Scientific classification
- Kingdom: Plantae
- Clade: Tracheophytes
- Clade: Angiosperms
- Clade: Eudicots
- Order: Caryophyllales
- Family: Droseraceae
- Genus: Drosera
- Subgenus: Drosera subg. Bryastrum
- Section: Drosera sect. Lamprolepis
- Species: D. pulchella
- Binomial name: Drosera pulchella Lehm.

= Drosera pulchella =

- Genus: Drosera
- Species: pulchella
- Authority: Lehm.
- Conservation status: LC

Species of carnivorous plant

Drosera pulchella is a species of carnivorous plant in the family Droseraceae. This species of pygmy sundew (subgenus Bryastrum) is native to southwestern Australia. As their common name suggests, they are a small species that are usually 15 to 20 millimeters wide. They typically grow in clusters that completely cover an area like a patch of moss.

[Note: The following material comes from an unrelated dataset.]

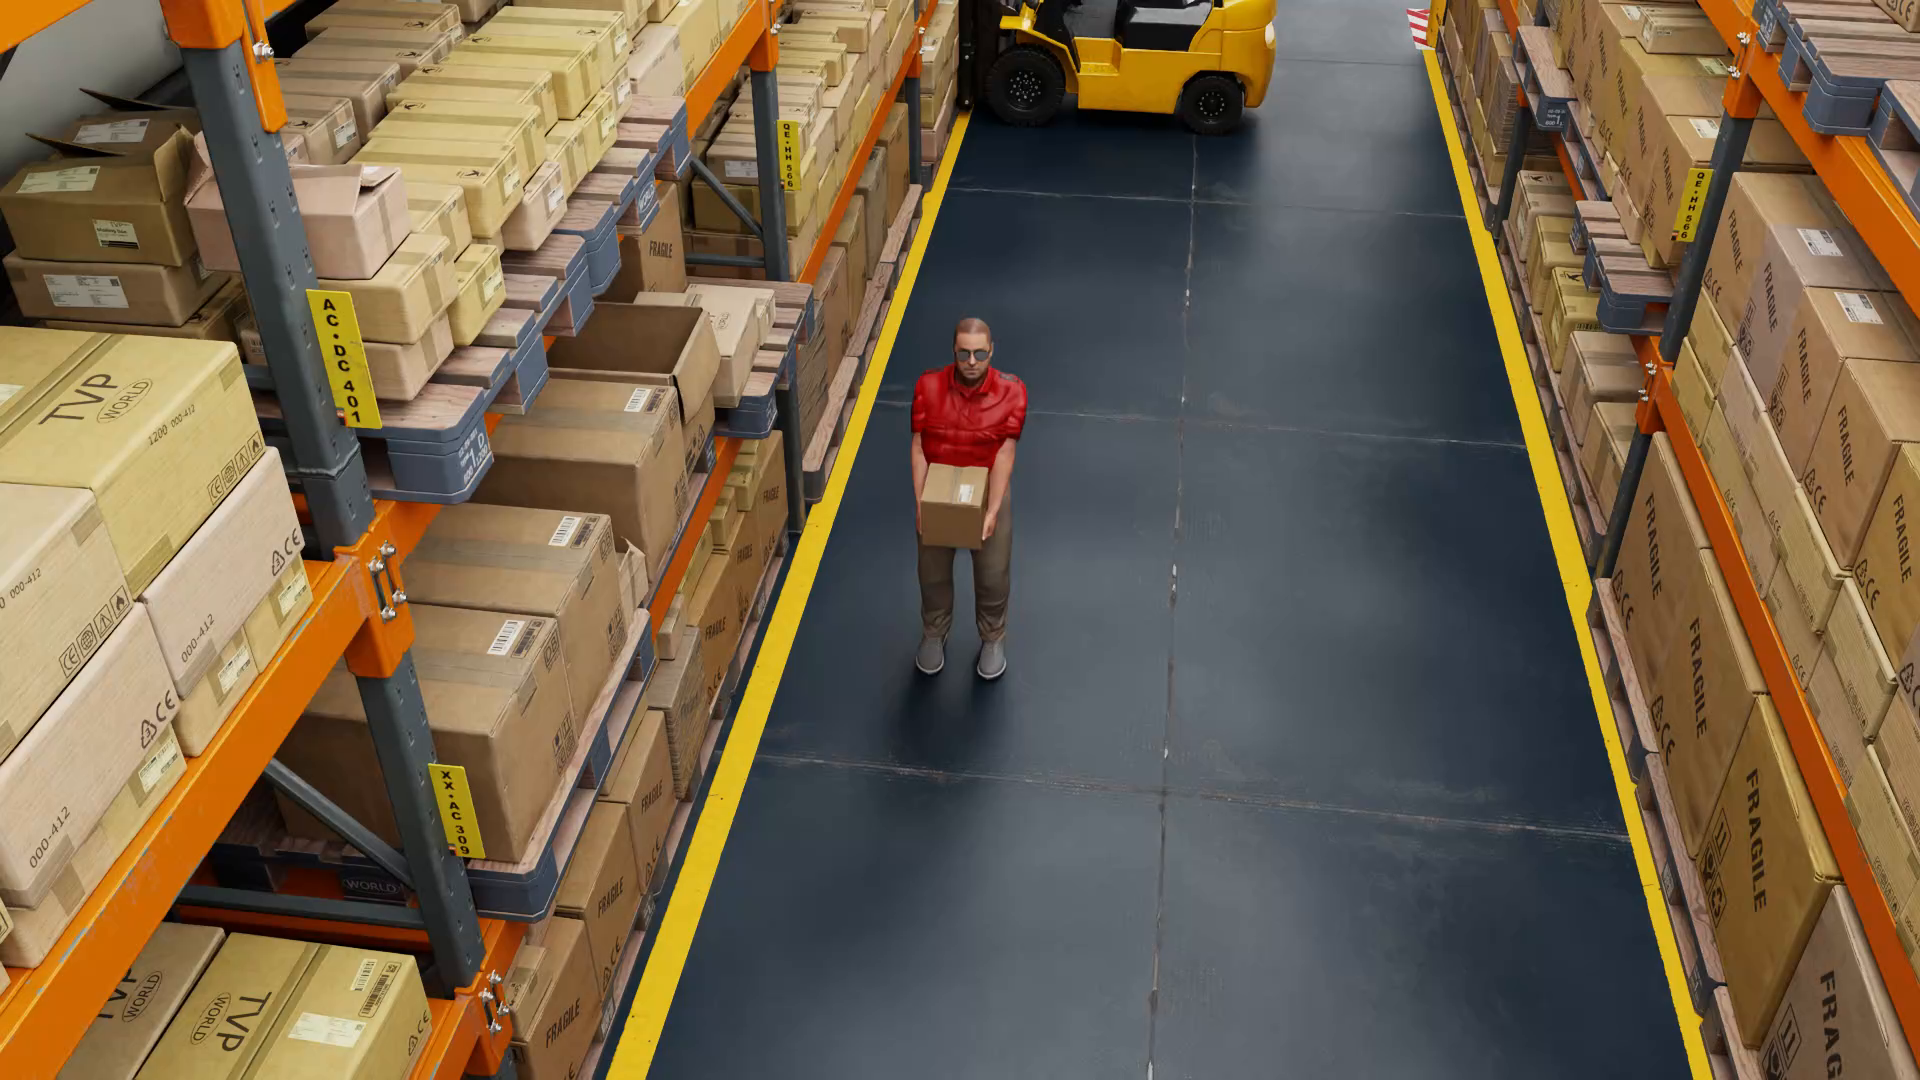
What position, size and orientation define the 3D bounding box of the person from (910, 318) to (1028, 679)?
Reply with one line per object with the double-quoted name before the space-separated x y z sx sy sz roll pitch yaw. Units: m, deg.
"person" 0.020 -0.117 7.228 0.494 1.717 0.530 5 36 7
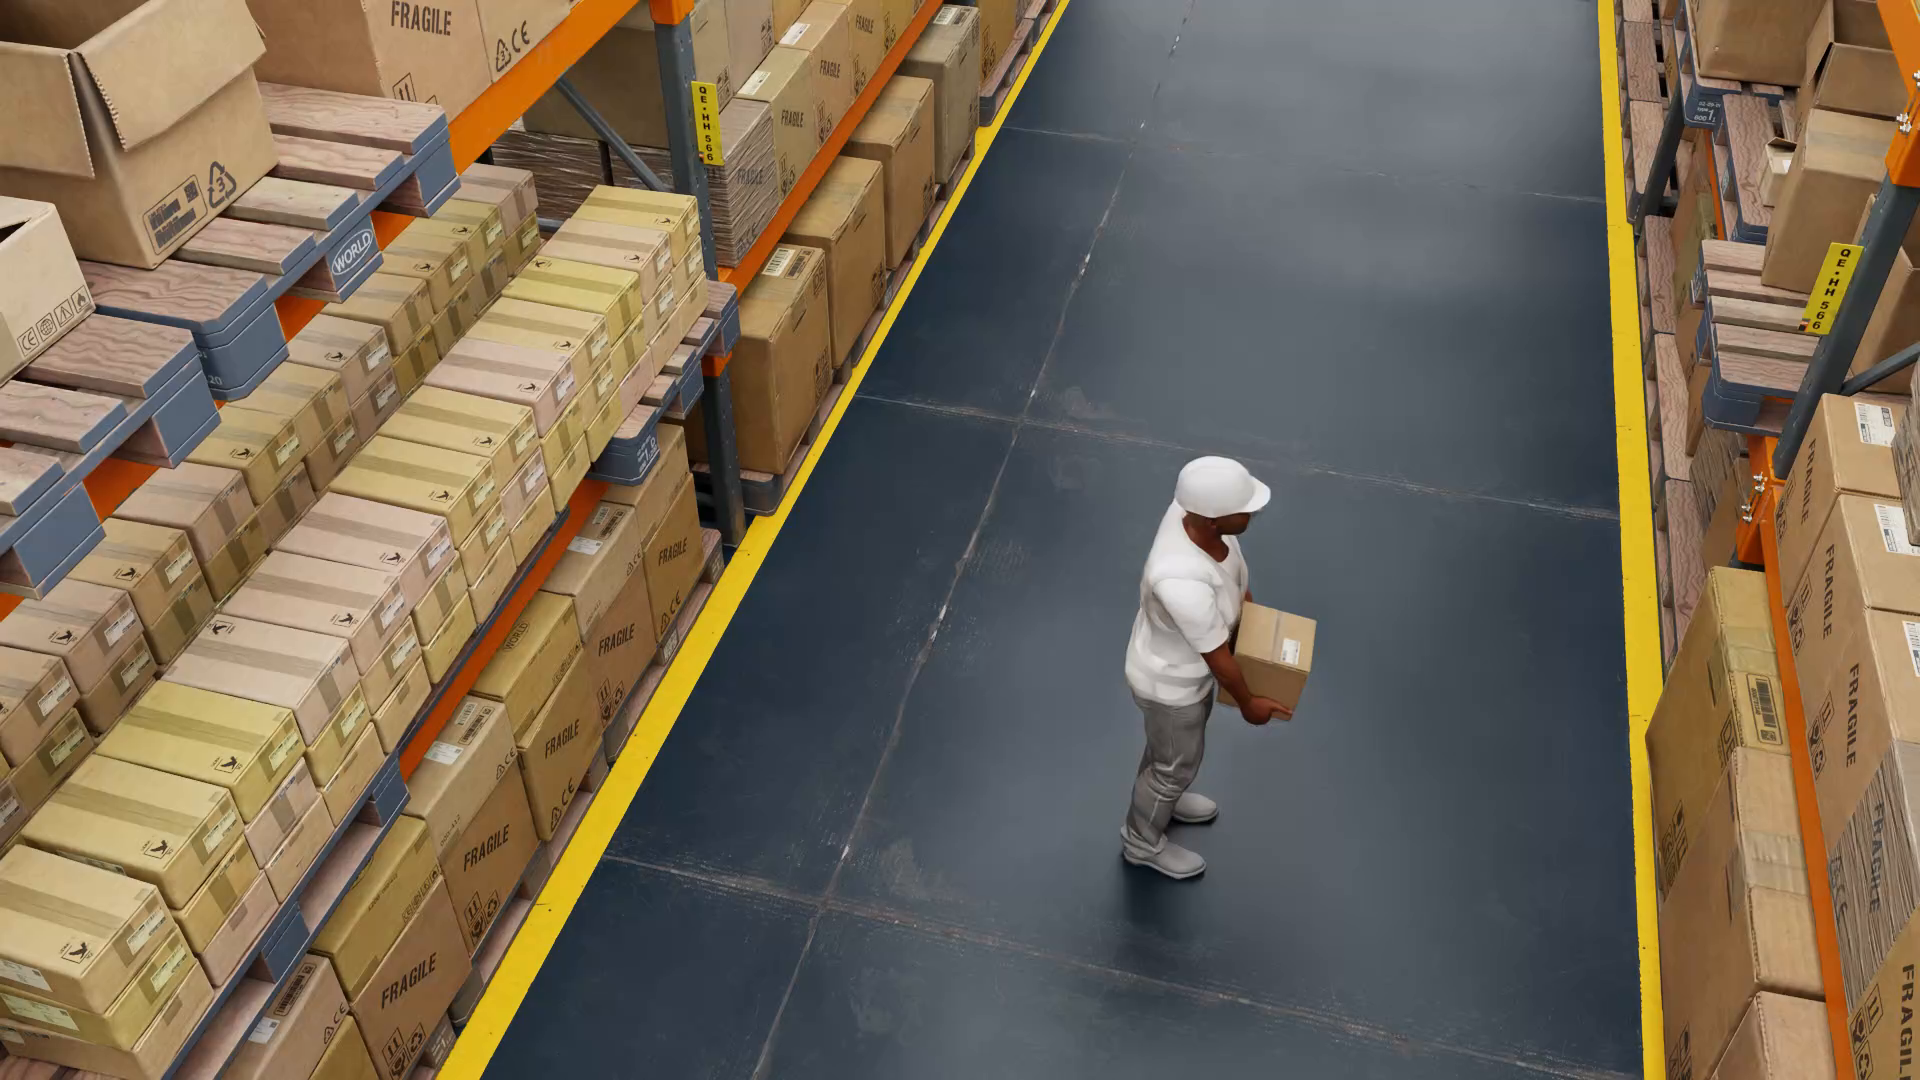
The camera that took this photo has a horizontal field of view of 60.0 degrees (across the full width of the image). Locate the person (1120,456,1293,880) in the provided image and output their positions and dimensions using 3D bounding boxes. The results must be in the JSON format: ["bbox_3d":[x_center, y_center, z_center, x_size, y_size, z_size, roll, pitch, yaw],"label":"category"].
[{"bbox_3d":[0.849,0.439,5.633,0.576,1.761,0.505,9,42,11],"label":"person"}]

The namesake sticky dew at the ends of their leaves is designed to trap insects so that the plants can absorb nutrients as the insect decomposes.

==Distribution==
Drosera pulchella is found in Western Australia where there is a moderate Mediterranean climate. It is one of many species of Drosera that can be found there. There are about 50 species of pygmy sundews distributed mostly throughout Australia, Tasmania and New Zealand.

==Habitat and ecology==
This species can typically be found in areas with abundant year-round moisture such as swamps, creeks, lakes and forests.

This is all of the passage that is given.